What “telling” is for:
–Description that goes on more than a line or so.
–Establishing tone.
–Getting through unimportant transitions as briskly as possible.
–Getting through anything else unimportant as briskly as possible.
What avoiding telling necessarily causes:
–Limits description.
–Makes it hard to create a tone at all.
–SLOWS DOWN THE STORY A LOT, and I mean A LOT, and this is a problem even for an author who doesn’t care much about description.
So, what does this post at Anne R Allen’s blog say
A) Too Much “Show Don’t Tell” Slows the Pace.
Some newbie writers confuse descriptions of violence with conflict. If you describe every blow and scream of pain in a fight scene, your story is not moving forward. The story stops until we know how the characters react to what’s going on and how the fight alters the trajectory of the plot.
B) “Camera’s Eye” Showing Skimps on Information
But when a novelist tells us a character clenches his fist, he is not letting us in on much. … You’re not a camera. You’re a novelist. And it’s your job to give us as much information as possible to tell your story.
C) “Show Don’t Tell” Can Distance the Reader from the Character.
An author’s job is to create a connection between the reader and the character. Readers want to get inside the character’s head. But when we meet that guy with the clenched fist, we are just looking at him from the outside. We’re shut out of the story.
D) Withholding Information Annoys the Reader.
Let us know where we are, who the protagonist is and what he wants, or you’ve lost your reader before chapter two. If you have to tell rather than show to keep the reader from leaving, go ahead and do it. Seriously. It’s okay.
E) It’s Hard to Say Anything Original about Body Language.
How many times have you hit the thesaurus looking for a new way to say your character is afraid or angry or elated?
F) Too Much “Showing” Can be a Sign of Over-Workshopping
I know writers who have workshopped the same novel for decades in everything from college classes to writers’ conferences to online critique groups. They often try to follow the advice of every person who gives feedback. What they’re doing is giving away creative control of their own book. They are letting their book be written by committee. They’re also following a recipe for bland, boring writing. Don’t do it.

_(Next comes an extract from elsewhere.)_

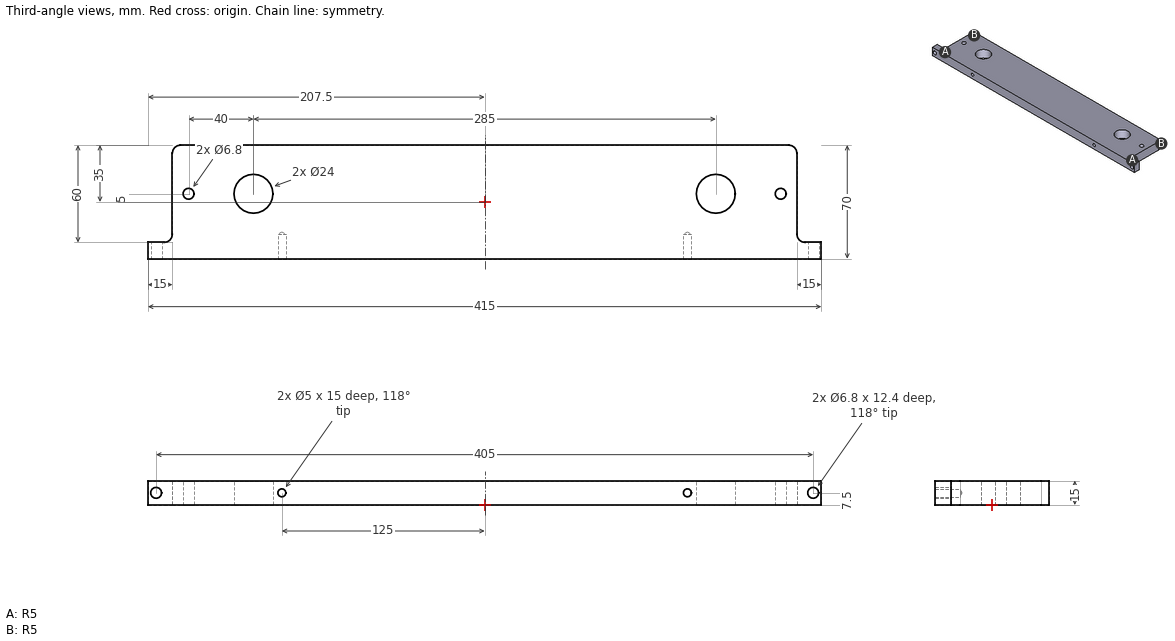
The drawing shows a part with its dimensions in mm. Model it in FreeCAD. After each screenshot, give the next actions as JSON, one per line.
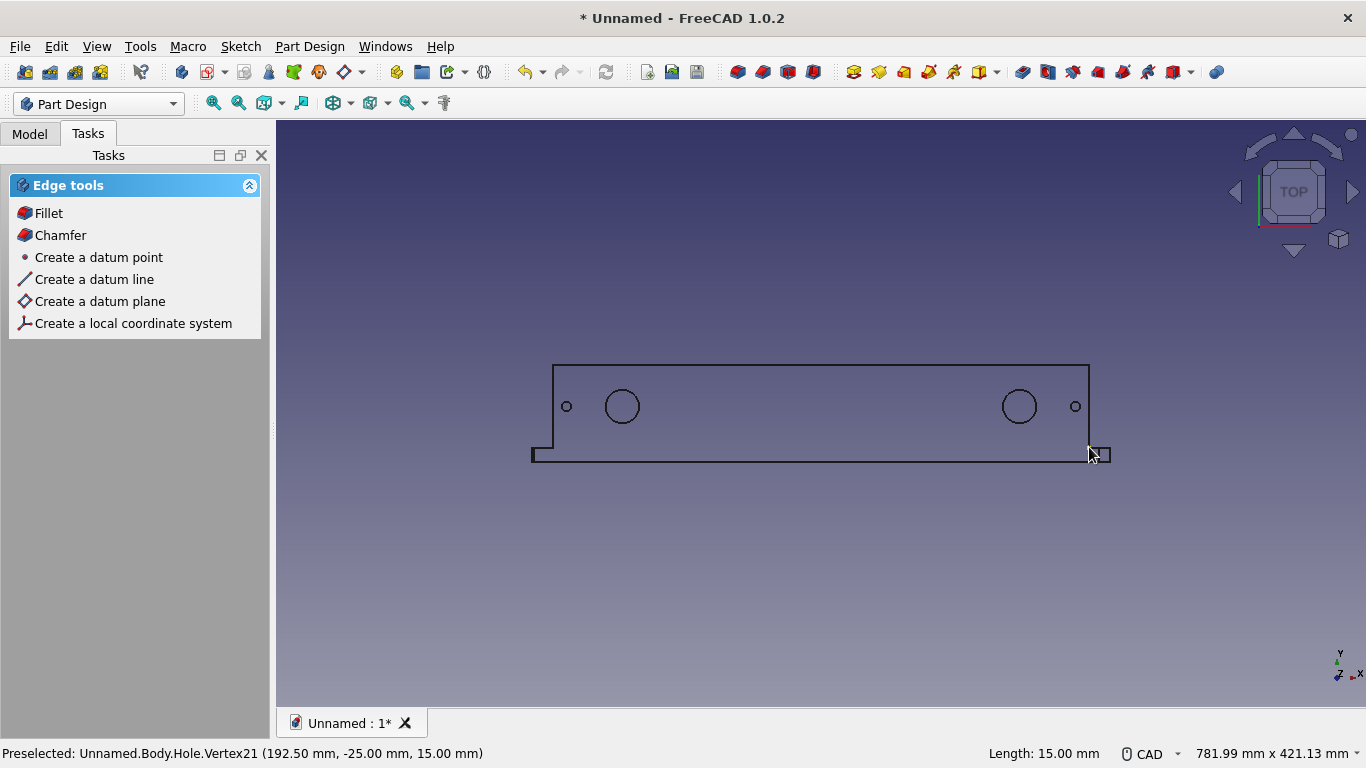
{"action": "key", "text": "1"}

These are all good points. But surely that last is pure insecurity. This is where the only advice that matters is QUIT ASKING FOR ADVICE. Oh, maybe, PUT THAT AWAY FOR A YEAR and also QUIT ASKING FOR ADVICE. I really feel someone who does this ought to benefit a lot by putting the over-workshopped thing in a drawer and writing something else. When they have their new project finished, they should perhaps ask ONE beta reader for a critique, and then revise ONE time and then make a decision on that basis about whether to send it out into the world.

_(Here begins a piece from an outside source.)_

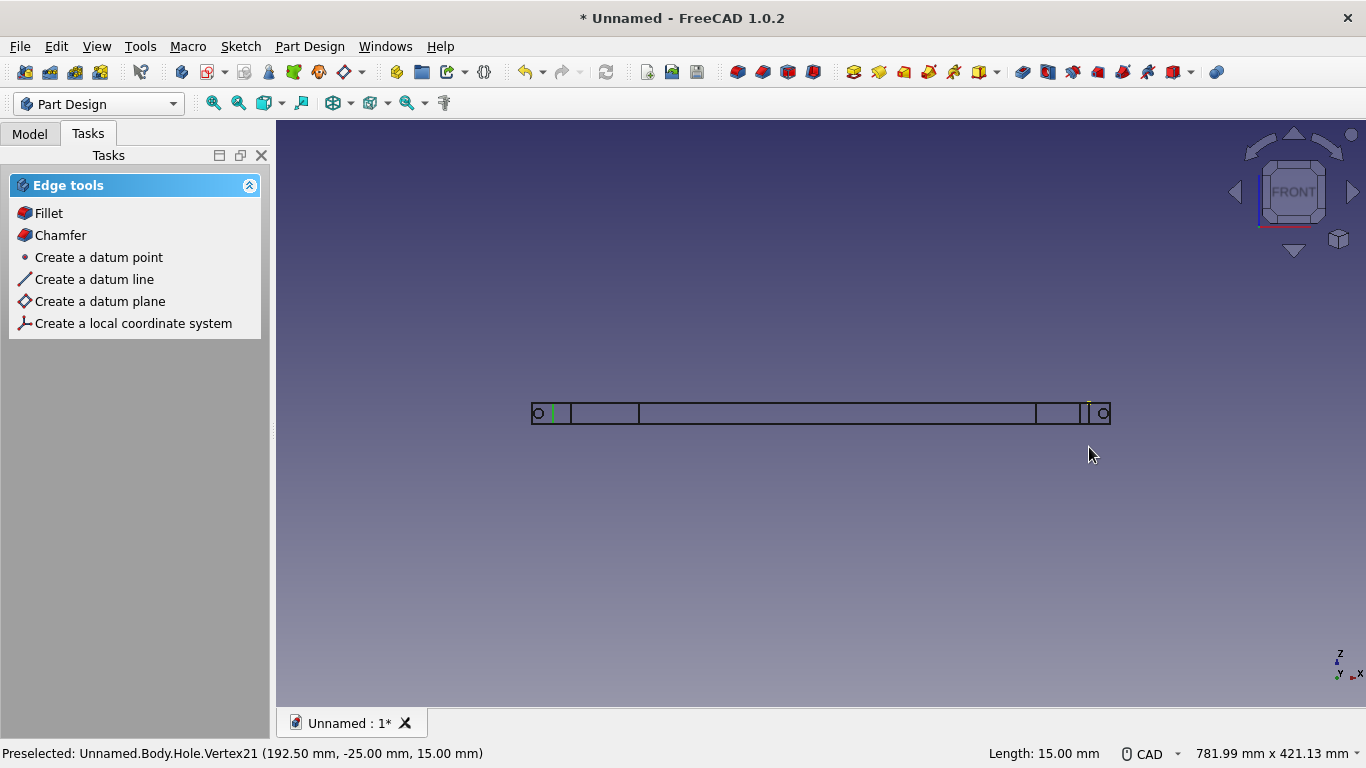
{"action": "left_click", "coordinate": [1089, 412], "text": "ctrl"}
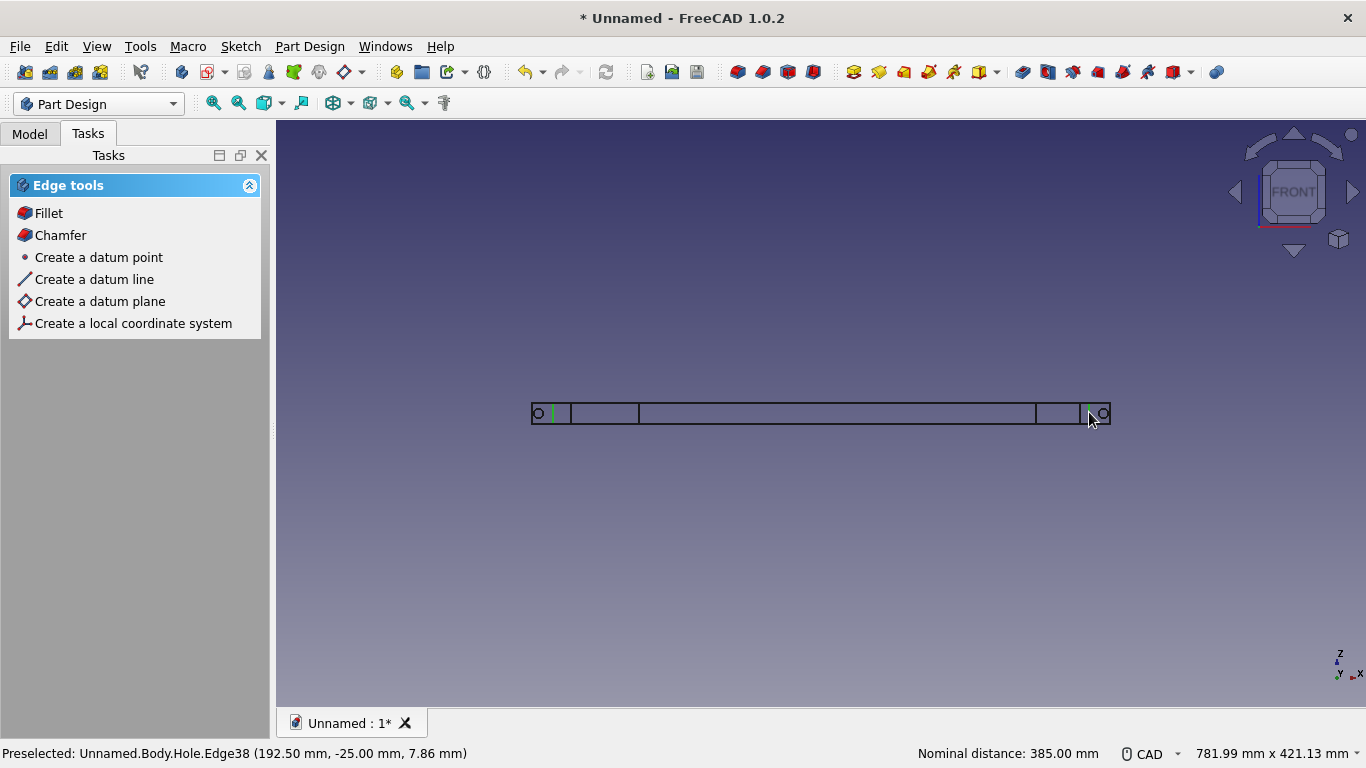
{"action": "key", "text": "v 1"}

Having said that, I overworked a book once, and had a difficult time rebuilding it. That was NO FOREIGN SKY, and it was a lesson to me. The lesson was: Don’t keep rewriting according to different people’s advice. Just don’t. Minor revision is one thing; that’s fine. But big rewrites, do it according to your own vision or don’t do it at all. I may not stick to that rule forever, who knows, but that’s my rule for now.
Meanwhile!
I do like the linked post, and I hadn’t thought specifically of how “show don’t tell” can be translated as “don’t put us in the character’s head,” but wow, it sure could be taken that way. Speaking as someone who benefits from being asked, “Can you bring us more into the character’s head?”, I now wonder if this is one reason I dislike “show don’t tell” advice so much — because “show physical movements, avoid revealing the emotional context” is exactly the wrong advice for me. It might be okay for someone else. It might help a different author tone down the angst. Though my impression is, authors who write characters who wallow in angst do it on purpose, so maybe not.
Anyway, bottom line, everybody needs to show effectively and also tell effectively, whatever that means for them; and (as always) proscriptive advice is bad advice.
Also, maybe I should re-read A Winter’s Tale. Maybe I’ll wait till July, when I long for winter. Or for February, when I want to enjoy the winter more.